しかし、ある画素で発生したリバースチルトドメインが、当該ある画素に隣り合う画素で発生したリバースチルトドメインと結合し、この結合したリバースチルトドメインがさらに隣りの画素で発生したリバースチルトドメインと結合を繰り返す場合、リバースチルトドメインが横方向に一直線に連なった「横線」に発達し、長期間にわたり存在する場合がある。このような横線は、暗画素と、暗画素の明視方向と逆側に隣り合う明画素とが、1フレームに1画素ずつ右側にスクロールする場合に、暗画素の明視方向と逆側に尾を引くように発生する。
この発明によれば、暗画素の明視方向と逆側に明画素が隣り合う場合に、当該暗画素に対して補正を行う。暗画素に対して補正を行う場合、仮に当該補正のなされた画素でリバースチルトドメインが発生しても、その大きさを小さくすることができる。従って、補正により、補正のなされた画素で発生したリバースチルトドメインと、他の画素で発生したリバースチルトドメインとの結合を防ぐことが可能となり、横線の発生する可能性を低く抑えることができる。
【0012】
また、上述した液晶表示装置において、前記データ信号の最大値に対応する前記画素の透過率を100%とし、前記データ信号の最小値に対応する前記画素の透過率を0%としたときに、前記第1電圧は、前記画素の透過率を0%より大きく0.1%以下とする電圧であることが好ましい。
【0013】
この発明では、ある画素の液晶に印加される電圧を第1電圧となるように補正する場合、第1電圧の値を、画素の相対透過率を基準に定める。
画素の相対透過率と液晶に印加される電圧の関係を示すVT特性は、個々の表示パネルにより異なる。仮に、第1電圧をある固定値にすると、異なる複数の表示パネルの液晶に対して第1電圧を印加した場合に、複数の表示パネル間で画素の相対透過率は異なる値となり、複数の表示パネルの各々で表示品質にバラつきが生じる。さらには、第1電圧を固定値にした場合には、このような表示品質のばらつきにより、一部の表示パネルで補正による輝度変化がユーザに視認される程度に大きくなる可能性も存在する。
この発明によれば、第1電圧の値を画素の相対透過率を基準に定めることにより、個々の表示パネルの間でVT特性にバラつきが存在する場合であっても、補正を行った場合の輝度変化を一定の範囲内に収めることが可能となる。つまり、個々の表示パネル毎に、補正を行う場合の輝度変化に対する影響を均一化できるため、表示パネルの表示品質を一定に保つことができる。
【0014】
また、VT特性を示す曲線VTの形状は、液晶に印加する電圧が一定の大きさ以下(例えば、約1.5V以下)のときは、画素の相対透過率もほぼ0%を保ったまま推移する一方、液晶に印加する電圧が一定の大きさを超える付近で、画素の相対透過率も急激に立ち上がる。

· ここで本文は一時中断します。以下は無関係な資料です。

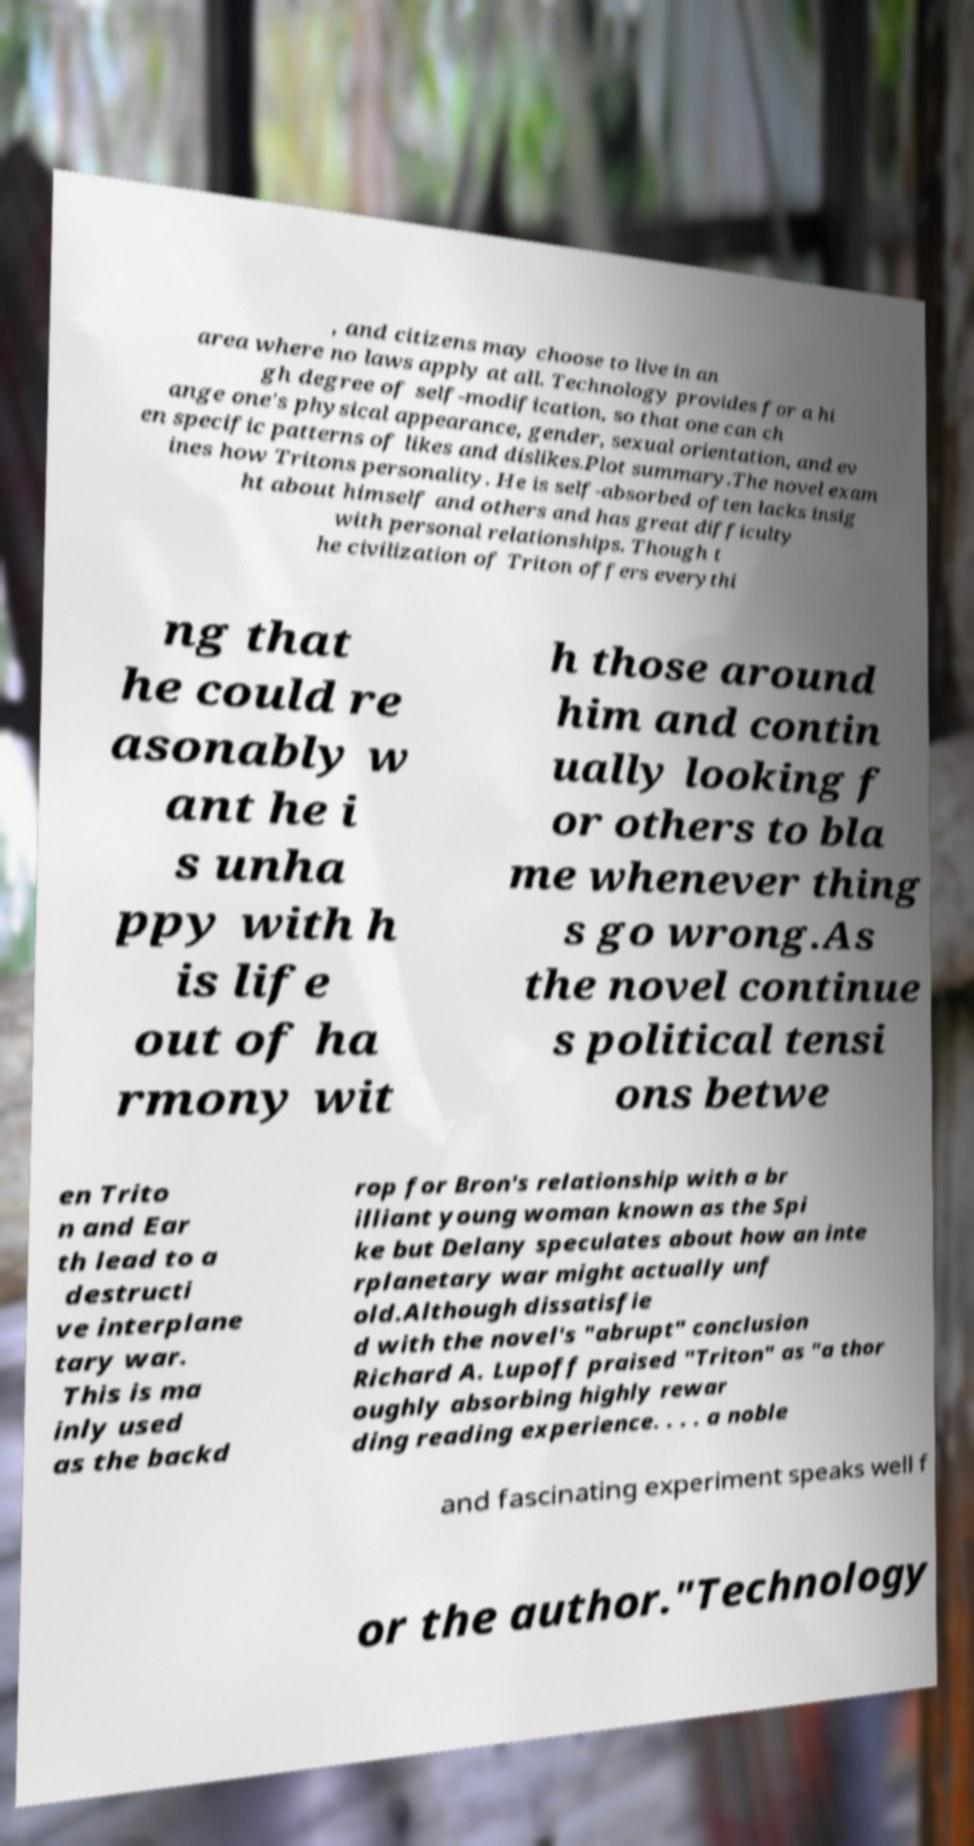Can you accurately transcribe the text from the provided image for me? , and citizens may choose to live in an area where no laws apply at all. Technology provides for a hi gh degree of self-modification, so that one can ch ange one's physical appearance, gender, sexual orientation, and ev en specific patterns of likes and dislikes.Plot summary.The novel exam ines how Tritons personality. He is self-absorbed often lacks insig ht about himself and others and has great difficulty with personal relationships. Though t he civilization of Triton offers everythi ng that he could re asonably w ant he i s unha ppy with h is life out of ha rmony wit h those around him and contin ually looking f or others to bla me whenever thing s go wrong.As the novel continue s political tensi ons betwe en Trito n and Ear th lead to a destructi ve interplane tary war. This is ma inly used as the backd rop for Bron's relationship with a br illiant young woman known as the Spi ke but Delany speculates about how an inte rplanetary war might actually unf old.Although dissatisfie d with the novel's "abrupt" conclusion Richard A. Lupoff praised "Triton" as "a thor oughly absorbing highly rewar ding reading experience. . . . a noble and fascinating experiment speaks well f or the author."Technology 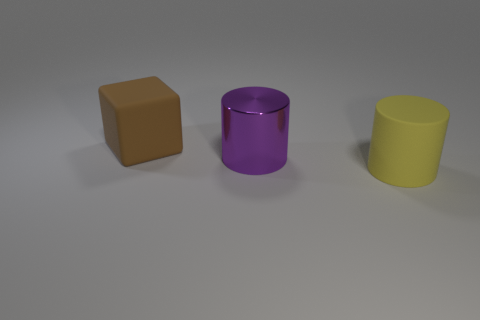Add 2 small blue matte objects. How many objects exist? 5 Subtract all cylinders. How many objects are left? 1 Add 2 large cylinders. How many large cylinders exist? 4 Subtract 0 gray cylinders. How many objects are left? 3 Subtract all large yellow matte cylinders. Subtract all red metal cylinders. How many objects are left? 2 Add 2 large shiny cylinders. How many large shiny cylinders are left? 3 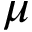Convert formula to latex. <formula><loc_0><loc_0><loc_500><loc_500>\mu</formula> 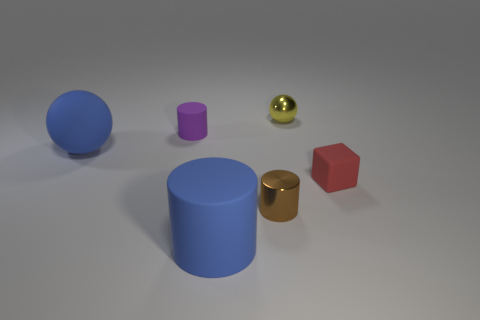Is the size of the blue matte thing that is behind the small red matte object the same as the metal thing that is in front of the tiny yellow shiny thing?
Give a very brief answer. No. How many other things are there of the same material as the small purple cylinder?
Make the answer very short. 3. Are there more purple cylinders in front of the small metal cylinder than metallic cylinders that are to the left of the large ball?
Give a very brief answer. No. There is a tiny cylinder that is in front of the small rubber cube; what material is it?
Provide a succinct answer. Metal. Is the yellow object the same shape as the purple rubber object?
Your response must be concise. No. Is there any other thing of the same color as the big matte sphere?
Keep it short and to the point. Yes. What is the color of the other big thing that is the same shape as the brown metal object?
Your answer should be very brief. Blue. Is the number of tiny yellow shiny spheres left of the small purple rubber cylinder greater than the number of small gray balls?
Your answer should be very brief. No. There is a matte cylinder in front of the tiny metallic cylinder; what is its color?
Offer a terse response. Blue. Do the red rubber object and the blue ball have the same size?
Your response must be concise. No. 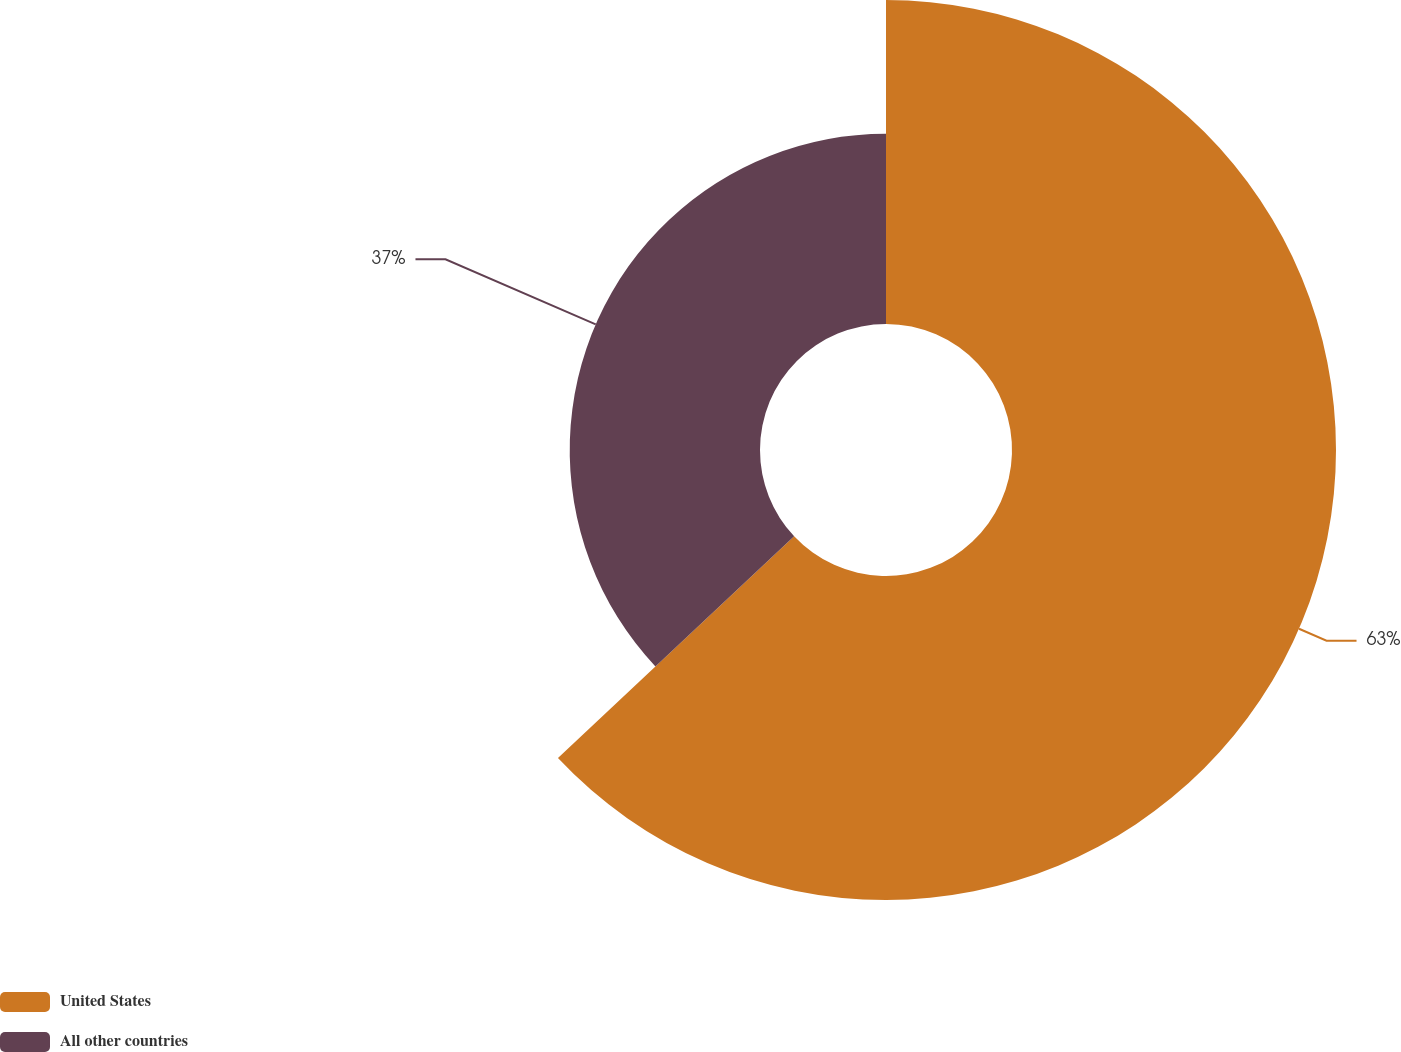<chart> <loc_0><loc_0><loc_500><loc_500><pie_chart><fcel>United States<fcel>All other countries<nl><fcel>63.0%<fcel>37.0%<nl></chart> 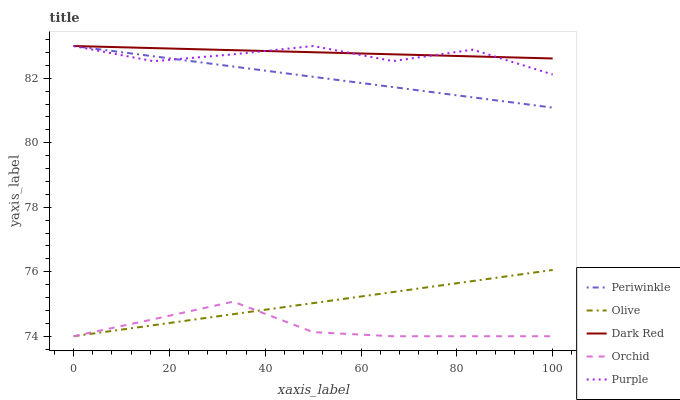Does Orchid have the minimum area under the curve?
Answer yes or no. Yes. Does Dark Red have the maximum area under the curve?
Answer yes or no. Yes. Does Periwinkle have the minimum area under the curve?
Answer yes or no. No. Does Periwinkle have the maximum area under the curve?
Answer yes or no. No. Is Dark Red the smoothest?
Answer yes or no. Yes. Is Purple the roughest?
Answer yes or no. Yes. Is Periwinkle the smoothest?
Answer yes or no. No. Is Periwinkle the roughest?
Answer yes or no. No. Does Olive have the lowest value?
Answer yes or no. Yes. Does Periwinkle have the lowest value?
Answer yes or no. No. Does Purple have the highest value?
Answer yes or no. Yes. Does Orchid have the highest value?
Answer yes or no. No. Is Olive less than Periwinkle?
Answer yes or no. Yes. Is Periwinkle greater than Olive?
Answer yes or no. Yes. Does Orchid intersect Olive?
Answer yes or no. Yes. Is Orchid less than Olive?
Answer yes or no. No. Is Orchid greater than Olive?
Answer yes or no. No. Does Olive intersect Periwinkle?
Answer yes or no. No. 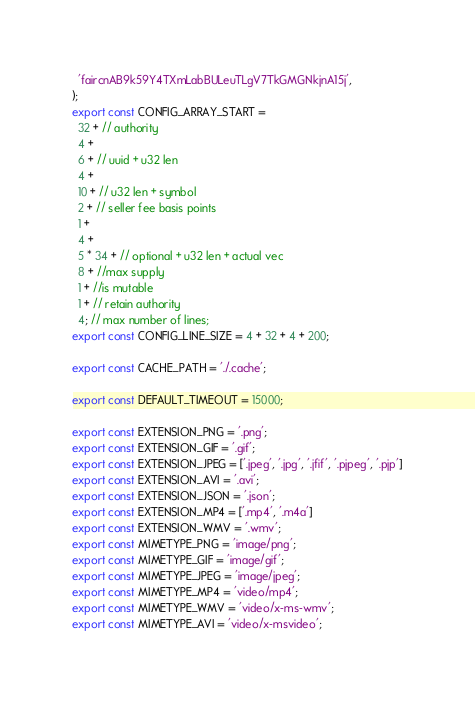<code> <loc_0><loc_0><loc_500><loc_500><_TypeScript_>  'faircnAB9k59Y4TXmLabBULeuTLgV7TkGMGNkjnA15j',
);
export const CONFIG_ARRAY_START =
  32 + // authority
  4 +
  6 + // uuid + u32 len
  4 +
  10 + // u32 len + symbol
  2 + // seller fee basis points
  1 +
  4 +
  5 * 34 + // optional + u32 len + actual vec
  8 + //max supply
  1 + //is mutable
  1 + // retain authority
  4; // max number of lines;
export const CONFIG_LINE_SIZE = 4 + 32 + 4 + 200;

export const CACHE_PATH = './.cache';

export const DEFAULT_TIMEOUT = 15000;

export const EXTENSION_PNG = '.png';
export const EXTENSION_GIF = '.gif';
export const EXTENSION_JPEG = ['.jpeg', '.jpg', '.jfif', '.pjpeg', '.pjp']
export const EXTENSION_AVI = '.avi';
export const EXTENSION_JSON = '.json';
export const EXTENSION_MP4 = ['.mp4', '.m4a']
export const EXTENSION_WMV = '.wmv';
export const MIMETYPE_PNG = 'image/png';
export const MIMETYPE_GIF = 'image/gif';
export const MIMETYPE_JPEG = 'image/jpeg';
export const MIMETYPE_MP4 = 'video/mp4';
export const MIMETYPE_WMV = 'video/x-ms-wmv';
export const MIMETYPE_AVI = 'video/x-msvideo';
</code> 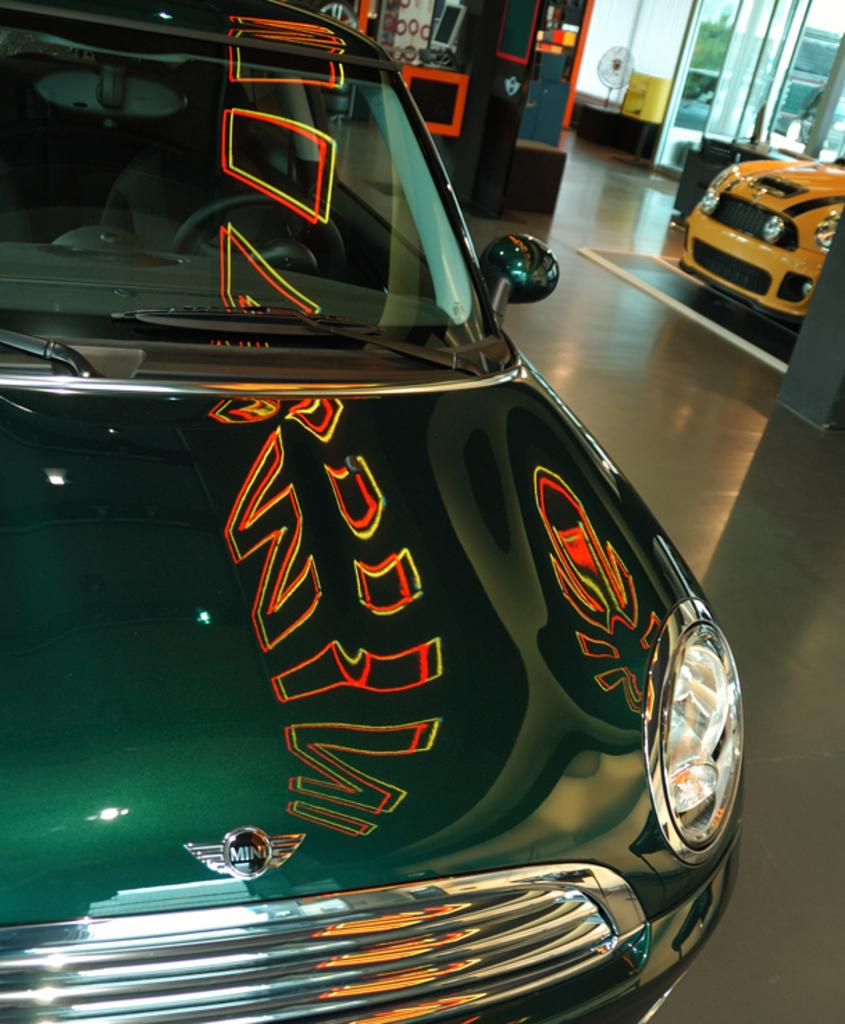What type of vehicles can be seen in the image? There are cars in the image. What objects can be seen in the background of the image? There are glasses and other unspecified things in the background of the image. Is there a stream visible in the image? There is no stream present in the image. 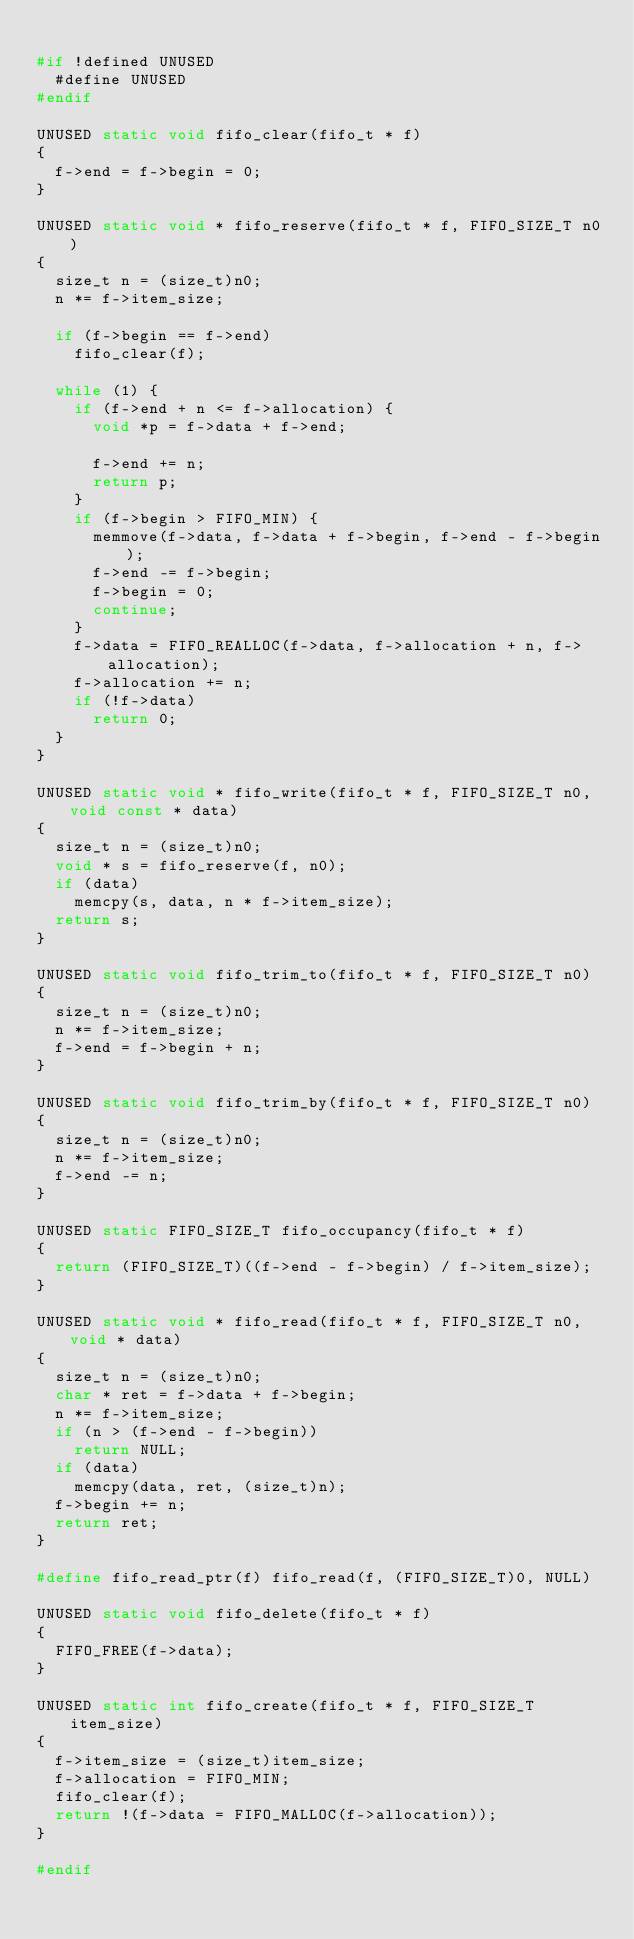<code> <loc_0><loc_0><loc_500><loc_500><_C_>
#if !defined UNUSED
  #define UNUSED
#endif

UNUSED static void fifo_clear(fifo_t * f)
{
  f->end = f->begin = 0;
}

UNUSED static void * fifo_reserve(fifo_t * f, FIFO_SIZE_T n0)
{
  size_t n = (size_t)n0;
  n *= f->item_size;

  if (f->begin == f->end)
    fifo_clear(f);

  while (1) {
    if (f->end + n <= f->allocation) {
      void *p = f->data + f->end;

      f->end += n;
      return p;
    }
    if (f->begin > FIFO_MIN) {
      memmove(f->data, f->data + f->begin, f->end - f->begin);
      f->end -= f->begin;
      f->begin = 0;
      continue;
    }
    f->data = FIFO_REALLOC(f->data, f->allocation + n, f->allocation);
    f->allocation += n;
    if (!f->data)
      return 0;
  }
}

UNUSED static void * fifo_write(fifo_t * f, FIFO_SIZE_T n0, void const * data)
{
  size_t n = (size_t)n0;
  void * s = fifo_reserve(f, n0);
  if (data)
    memcpy(s, data, n * f->item_size);
  return s;
}

UNUSED static void fifo_trim_to(fifo_t * f, FIFO_SIZE_T n0)
{
  size_t n = (size_t)n0;
  n *= f->item_size;
  f->end = f->begin + n;
}

UNUSED static void fifo_trim_by(fifo_t * f, FIFO_SIZE_T n0)
{
  size_t n = (size_t)n0;
  n *= f->item_size;
  f->end -= n;
}

UNUSED static FIFO_SIZE_T fifo_occupancy(fifo_t * f)
{
  return (FIFO_SIZE_T)((f->end - f->begin) / f->item_size);
}

UNUSED static void * fifo_read(fifo_t * f, FIFO_SIZE_T n0, void * data)
{
  size_t n = (size_t)n0;
  char * ret = f->data + f->begin;
  n *= f->item_size;
  if (n > (f->end - f->begin))
    return NULL;
  if (data)
    memcpy(data, ret, (size_t)n);
  f->begin += n;
  return ret;
}

#define fifo_read_ptr(f) fifo_read(f, (FIFO_SIZE_T)0, NULL)

UNUSED static void fifo_delete(fifo_t * f)
{
  FIFO_FREE(f->data);
}

UNUSED static int fifo_create(fifo_t * f, FIFO_SIZE_T item_size)
{
  f->item_size = (size_t)item_size;
  f->allocation = FIFO_MIN;
  fifo_clear(f);
  return !(f->data = FIFO_MALLOC(f->allocation));
}

#endif
</code>

この発明によれば、第1電圧を、画素の相対透過率が0%よりも大きく0.1%以下となる電圧とすることで、第1電圧の値を十分に大きな値とすることが可能となる。つまり、この発明によれば、補正による輝度変化を最小限に抑えつつ、大きな電圧(第1電圧)を液晶に印加することができるため、表示品質を低下させること無く、効果的にリバースチルトドメインの発生を抑止することが可能となる。
【0015】
また、上述した液晶表示装置において、第1画素と明視方向と逆方向に隣り合う画素を第2画素としたとき、前記映像処理回路は、前記映像信号にガンマ補正を施して第1信号を生成するガンマ補正手段と、前記第1画素に対応する前記第1信号を遅延させて、前記第2画素に対応する第2信号を生成する遅延手段と、前記第1信号の示す値が前記第1電圧よりも小さく、且つ、前記第2信号の示す値が第2電圧以上であるか否かを判定する判定手段と、前記判定手段の判定結果が肯定を示す場合、前記第1信号を前記第1電圧とする補正を施して前記データ信号を生成する補正手段と、を備えることが好ましい。
【0016】
この発明によれば、映像処理回路は、第1画素と第2画素との間でリバースチルトドメインが発生する可能性がある場合に、映像処理回路に入力される映像信号のうち、第1画素の階調を規定する値を、第1電圧に対応する値となるように補正して、データ信号を生成する。これにより、第1画素と第2画素との間でリバースチルトドメインの発生を抑制することができる。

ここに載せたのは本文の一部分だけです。